When Desmond’s older brother returns from Italy for a visit, bringing with him a small group of talentless and self-absorbed poets, his (and Garrick’s) world turns upside-down, mainly when he meets Leigh Blaise Sherbourne, a vampire poet who seems to detest Desmond and also harbors secrets regarding his past. Throw into the mix a desperate mother’s plea for grandchildren, a family-owned torture chamber, a curious cottage-abbey-and-quarter-castle, and a grumpy family magician, and Garrick finds that life in the Hathaway household is a great deal more than he bargained for.


Garrick Mortimer is a scientifically minded gentleman. That is to say his mind is only geared to science. Yet only those who will bow down to scientific masters and pay their dues are ever accepted as the geniuses that they are and make a living locked in their labs. Garricks admits that he is a genius already, and as such, has no need for such horrible business as not studying what he wants to. Yet, he’s starving, and though he’s had several offers to tutor various youths throughout England, he’s turned them all down because he cannot stand company that is not as suited to learning as he is. Yes, Garrick believes that to brow-beat English youths with learning is beneath him, and he would do much better with his time to starve. Yet, after a while he is getting hungrier and hungrier. He can no longer think of excuses to send home for money. Then, like kismet, he receives a letter from Mr. Hathaway – Gentleman Vampire, offering a tutorship position to his young vampire son, who has become restless and difficult after his expulsion from school. This, thinks Garrick, is a prime opportunity. No one has ever made a scientific study of vampires and written a treatise of their account. Therefore, he posts his reply, packs up his books, sends his letter home announcing his new employment, and sets off to his new position. So what if that position affords him food? He is off on a truly important scientific study.

Desmond Hathaway, the youngest son of the Hathaway vampire clan is glum. Prone to flights of fancy and extreme melodrama like all of his brethren, he watches the bloodred sunsets from his favorite tree and pines after his lost love Phillip, who has just written his last letter to Desmond to ask that he please stop writing to him every minute, as he has work to do at school and they are no longer to remain friends, he having mistakenly taken up with a rabblerousing vampire and has now seen the error of his ways. Admittedly, Desmond is heartbroken, thinking Phillip his one true love.

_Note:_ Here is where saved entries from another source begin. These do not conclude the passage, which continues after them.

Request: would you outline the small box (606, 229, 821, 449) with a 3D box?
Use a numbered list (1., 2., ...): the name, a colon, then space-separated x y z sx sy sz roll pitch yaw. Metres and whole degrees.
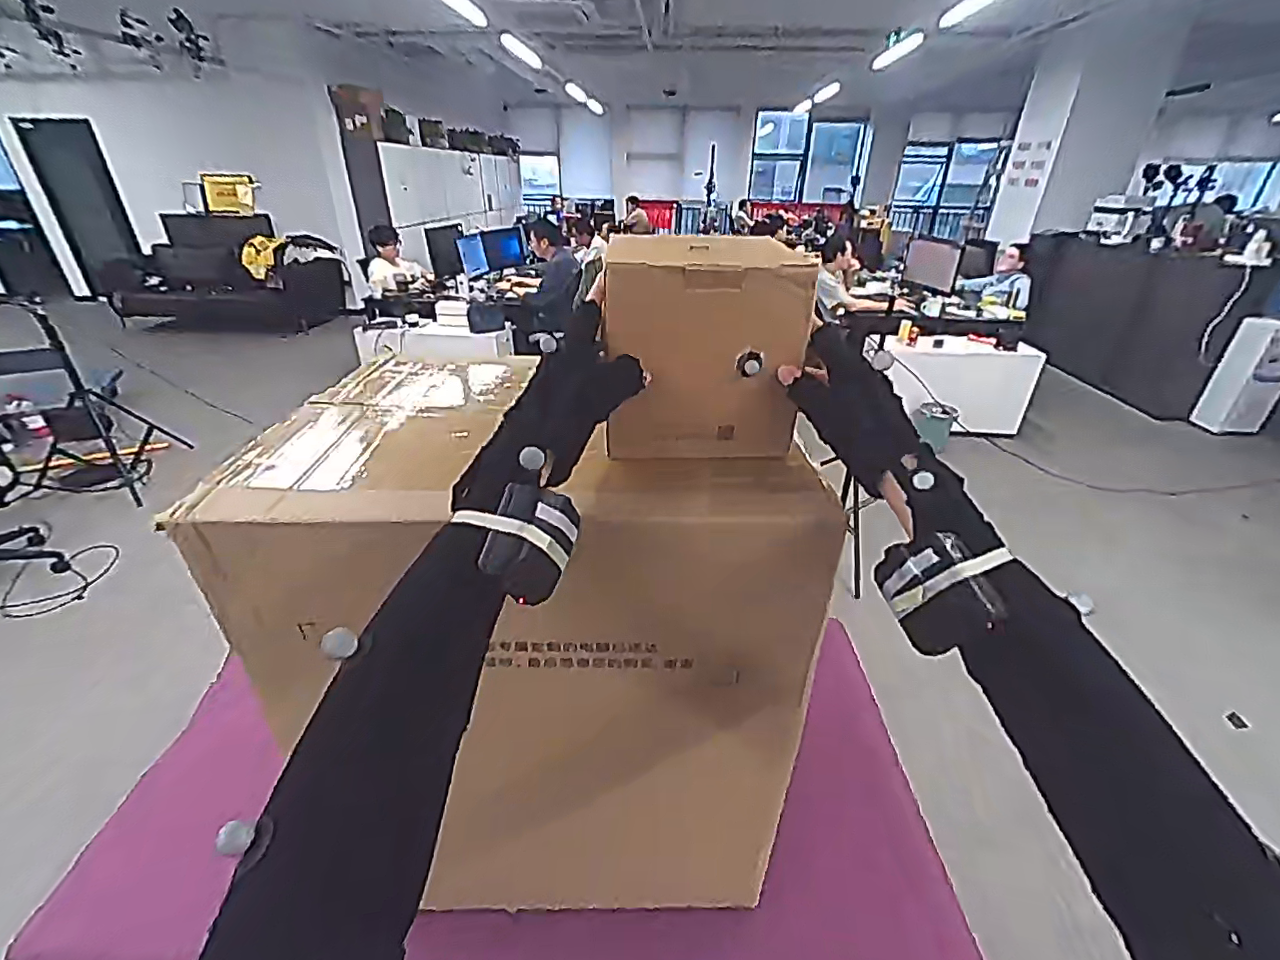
1. small box: 0.054 -0.138 0.514 0.168 0.176 0.179 1 30 -2
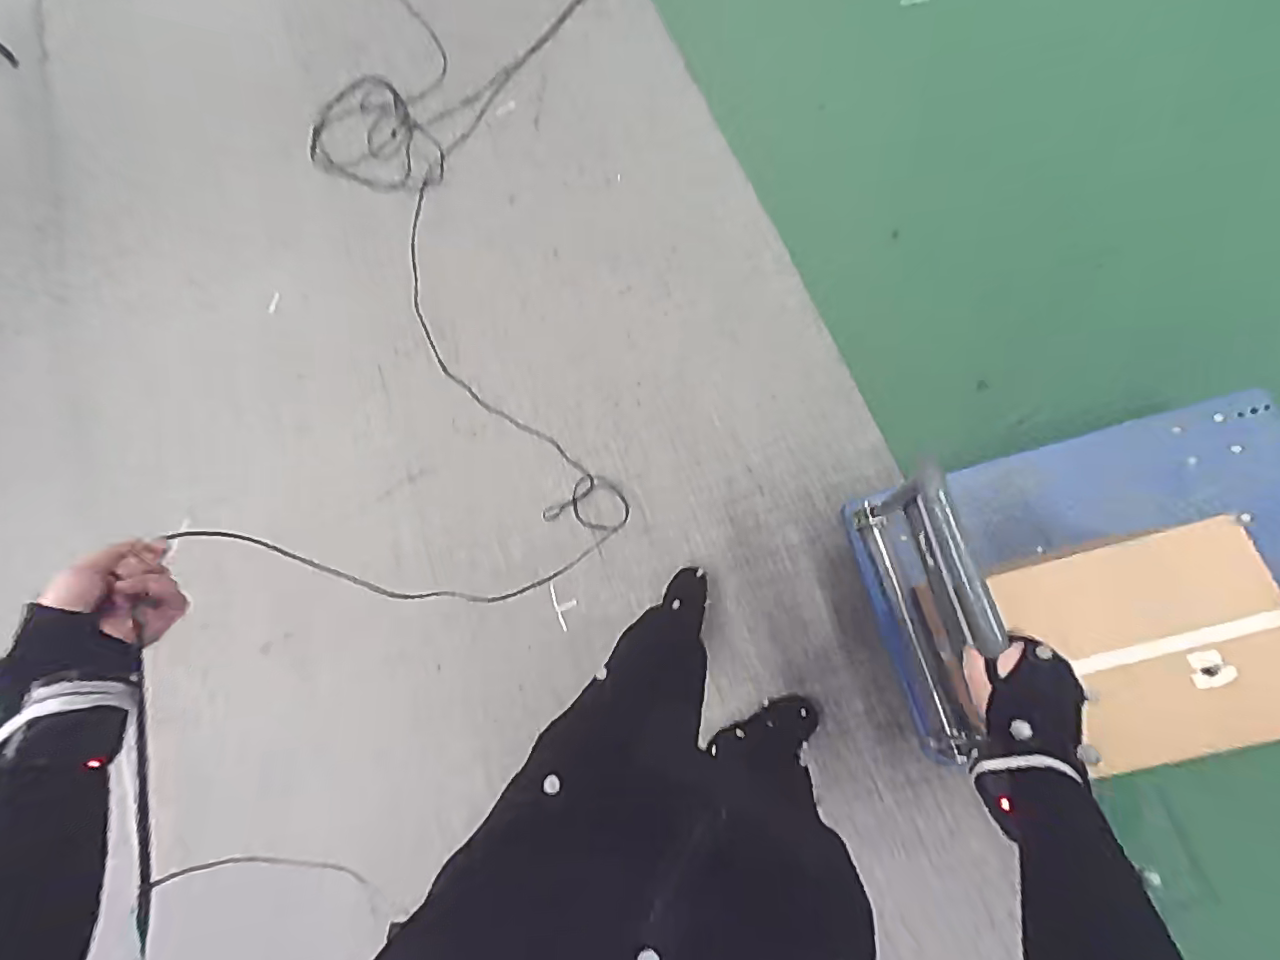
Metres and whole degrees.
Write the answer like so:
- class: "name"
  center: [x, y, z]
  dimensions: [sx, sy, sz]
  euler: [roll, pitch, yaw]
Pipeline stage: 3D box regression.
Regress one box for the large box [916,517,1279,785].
- class: "large box"
  center: [0.795, 0.293, 0.974]
  dimensions: [0.408, 0.320, 0.320]
  euler: [-18, 76, 8]
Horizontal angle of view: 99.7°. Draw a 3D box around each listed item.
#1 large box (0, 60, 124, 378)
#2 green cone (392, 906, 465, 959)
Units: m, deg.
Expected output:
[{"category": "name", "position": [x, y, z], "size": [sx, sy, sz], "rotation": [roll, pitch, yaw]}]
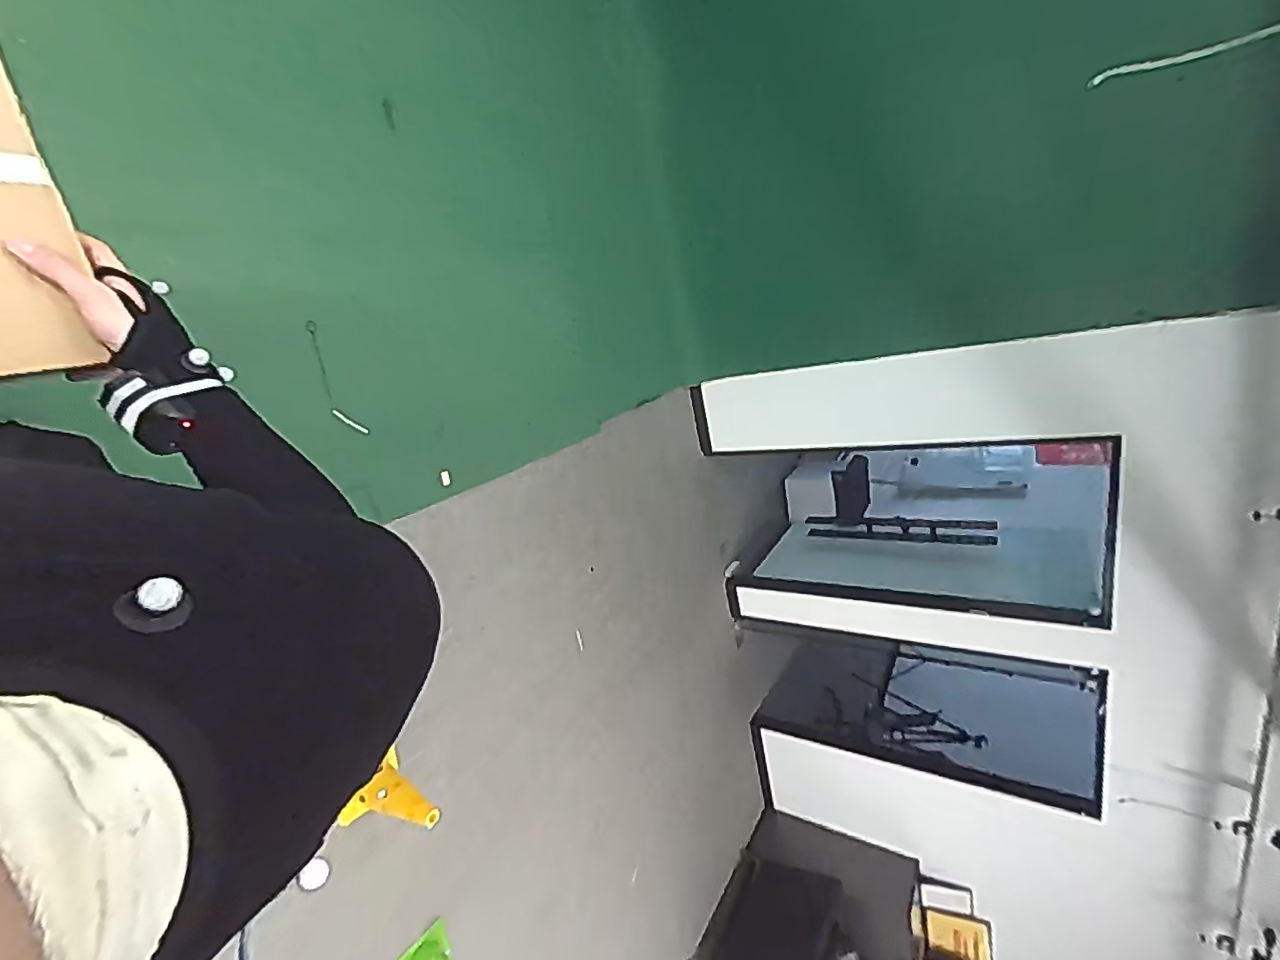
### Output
[{"category": "large box", "position": [-0.744, -0.208, 0.411], "size": [0.408, 0.320, 0.320], "rotation": [-29, 118, -47]}, {"category": "green cone", "position": [-0.613, 1.634, 1.784], "size": [0.200, 0.368, 0.202], "rotation": [-24, 108, -53]}]

Now, all he has to pass the time is watching his sister throw herself off the roof over and over, weeping over her tragic literary heroes and playing with the Judas Chair in the torture room. Apparently his parents are out to torture him, because they have announced that though his older brothers were allowed to follow their fancy into disputably inappropriate vocations, they are going to parent him right. They have hired a scientifically minded fellow to finish his education (even though no vampire ever finishes their education), and give him a healthy dose of logic and discipline. Bemoaning having to learn from a mortal tutor and trying every possible disruption into his studies that any vampire could think of (like how many different places one could hide as a bat), does not get Desmond very far — as all the things that usually send mortals running and screaming make his new tutor Mr. Mortimer exclaim in wonder. There is only one bright spot in the future — his brother is returning home with his cadre of artists and poets and maybe one of them will make him his boyfriend and whisk him away to travel the world writing dreadfully morose prose. Yet, when the group arrives, his brother’s friends frighten him. And one in particular, Mr. Sherbourne, has taken an unnatural interest in him.

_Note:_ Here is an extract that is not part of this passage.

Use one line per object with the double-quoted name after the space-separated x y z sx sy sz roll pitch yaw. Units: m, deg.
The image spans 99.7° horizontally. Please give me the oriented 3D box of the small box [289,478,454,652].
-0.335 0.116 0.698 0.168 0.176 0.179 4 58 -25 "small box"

You can see, just from the way I’ve described this book, that it is written really, really well. Its incredibly inventive, original, and snarky at the same time. The way vampires are protrayed as creatures at the mercy of their emotions made this vampire tale very different from most. Just the descriptions of the “cottage-abbey-and-quarter-castle” that the Hathaway family is purosefully knocking down so they can live in ruins and the setting of the moors and countryside are enough to set this story on a different course. I won’t go into all of the little details, just to say that they make this story come alive and they are very plentiful. Each page I turned found some new descriptive element of the different way the mortals saw the world to the way the vampires looked at it and all sorts of zany characters. One of the advantages of the writing is that the format actually follows the typical prose of a 19th century novel. To many, this might be a drawback and it certainly slowed the pace of the story considerably, but in an effort of authenticity (though how authentic a story about vampires can be I’m not sure), it was wonderfully written. At the same time, it did make the pace of the story slow. If I hadn’t been able to see how masterfully Hayden Thorne wields words onto the page, I might have gotten a bit bogged down in the excess dialogue in the sitting room and the long descriptive paragraphs. It helps to know these things going into this book, I think. Don’t expect when you pick up this novel that you will be getting a swift and steamy read. It is about a gay character, however it is a YA book rated for teens age 14+. As the genre of this story, it is about teenage angst. Normally, this would drive me batsh*t crazy, but it Desmond is written with such a deft pen and over-the-top dark humor, that I ended up loving to read about it. Also, and this was my fault, but despite the glaring 1 on the cover of the book, I actually didn’t realize that this was the start of a series until I started getting along in the story and wondering why not much was happening. With that said, I am very much looking forward to the characters. Not only do I want to know what happens in the story, but I’ve found myself really caring about the characters (grating though these vampires can be on the nerves after 200+ pages).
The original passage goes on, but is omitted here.